Individuals are always looking for a quick fix diet this typically leads them to a fad diet. Many of these diets have risk factors associated with using them. A fad diet is any diet that promises unrealistic weight loss or other health advantages that may promote a longer life without any scientific backing.
Like discussed above a typical fad diet plan will promote unrealistic weight loss, for example losing 10 pounds in a week. Other programs may promote unhealthy eating habits that don’t meet nutritional requirements, but not adequately meeting said requirements an individual could suffer physiologically. Typically as a result from programs like this an individual may experience weight loss but really its only water weight and lean muscle mass. It’s hard for anyone individual to maintain a diet that restricts their food choices, therefore individuals typically don’t maintain programs like these and will gain back weight and then some.
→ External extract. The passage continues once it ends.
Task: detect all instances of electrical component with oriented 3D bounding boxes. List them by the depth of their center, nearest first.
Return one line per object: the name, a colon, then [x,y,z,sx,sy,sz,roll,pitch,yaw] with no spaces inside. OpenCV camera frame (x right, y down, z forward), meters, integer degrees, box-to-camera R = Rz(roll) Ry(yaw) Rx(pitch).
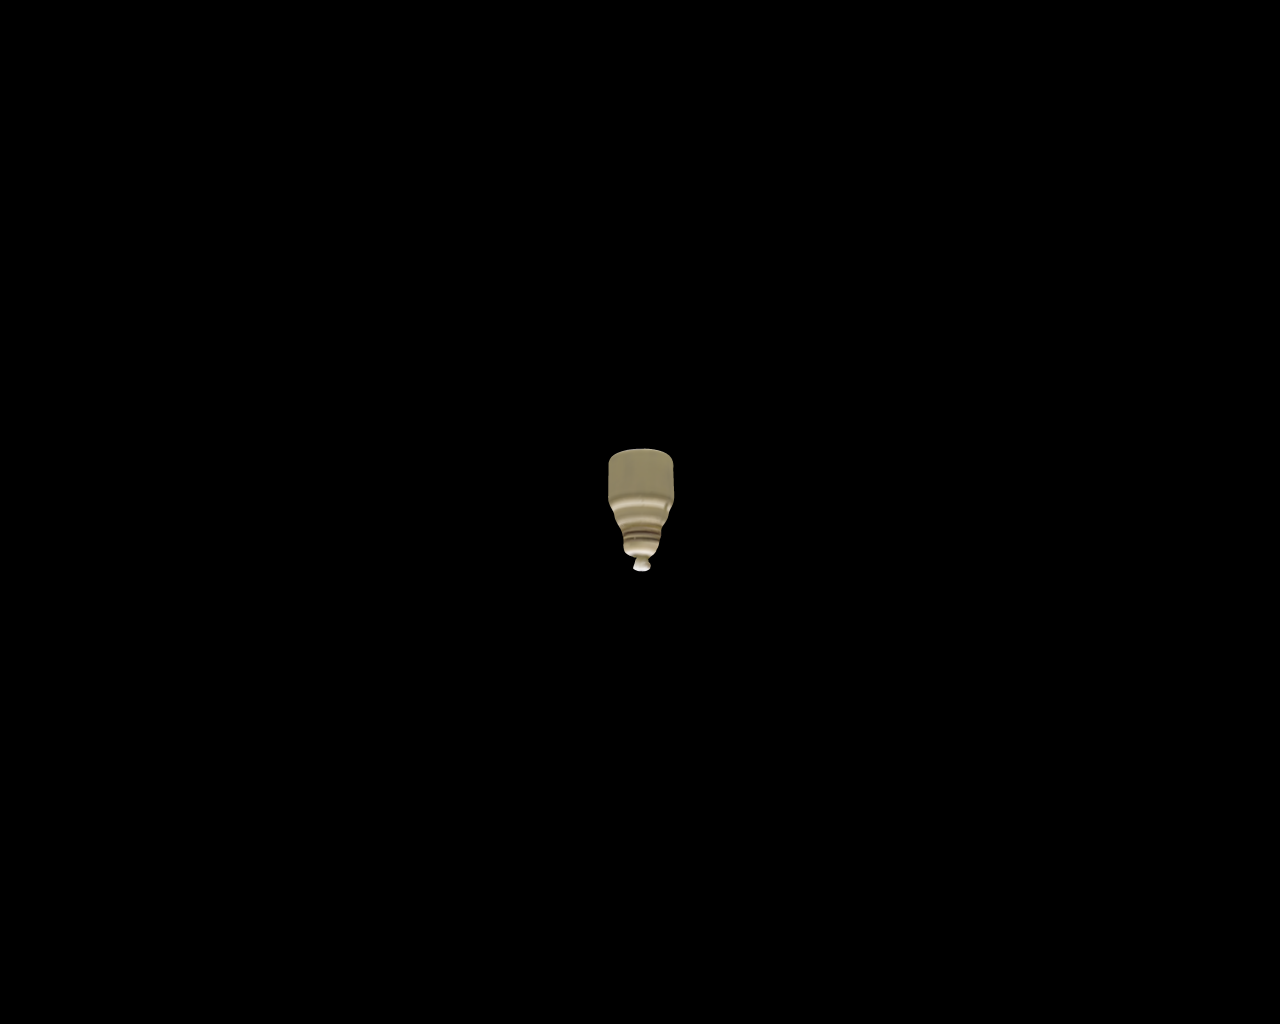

Many times individuals want to find that weight loss shortcut, so they turn to skipping meals. This can create quite the roller-coaster ride for your body.
Skipping a meal can throw your blood sugar off balance because you are not providing your body with the fuel it needs to function properly, which causes your blood sugar to drop. Low blood sugar can create a shortage of energy. This may cause you to be sluggish, irritable, and cognitive issues such as lack of attention, memory, and basic mental performance. This can physically and mentally affect many areas of your life, like skipping a training session simply because you just don’t have the energy.
Skipping meals can also cause your metabolism to slow down. When you have nothing to digest your metabolism nothing to do, so when you finally consume food it is more difficult for your metabolism to begin breaking down the food. The result is food being transformed into fat and gets deposited in all the wrong places.
Proper nutrition is vital to your health and well-being and it can help improve or prevent several conditions like cardiovascular disease, stroke, and cancer. Like I always say, “Why skip meals when there’s Chipotle?”
Yesterday we discussed the importance of good nutrition as well as some basic information on macronutrients. Today we will take a closer look at each macronutrient and discuss some healthy sources of each.
We will start with carbohydrates, this specific nutrient often gives individuals the most trouble because of conflicting information heard on t.v. or read on the web. What’s most important to consider is the type of carbohydrate you are consuming. Some great healthy options to include in your diet could be, sweet potatoes whole grain breads, brown rice, and quinoa.
Your protein sources are just as important as your carbohydrate sources. Plant based protein sources like beans and nuts contain unsaturated fats and fibers, which help lower your LDL (bad) Cholesterol. Animal based protein sources, which are usually higher in saturated fat, are far less healthy when compared to unsaturated fats. Some great plant based sources of protein are black beans, garbanzos, pintos, split peas, walnuts, almonds, cashews, pistachios, and many others. Some animal based sources are your lean proteins like chicken, pork, turkey, and eggs.
When it comes to fats what matters most is the type of fat you are consuming. Your “good” fats are considered unsaturated (i.e. monounsaturated and polyunsaturated). Foods high in good fats include vegetable oils (such as olive, canola, sunflower, soy, and corn), nuts, seeds, and fish (salmon, mackerel, tuna). Fats you want to limit in your diet are trans and saturated fats. Foods containing trans fats are primarily in processed foods made with trans fat from partially hydrogenated oil. Saturated fats come from sources like, red meat, butter, cheese, and ice cream.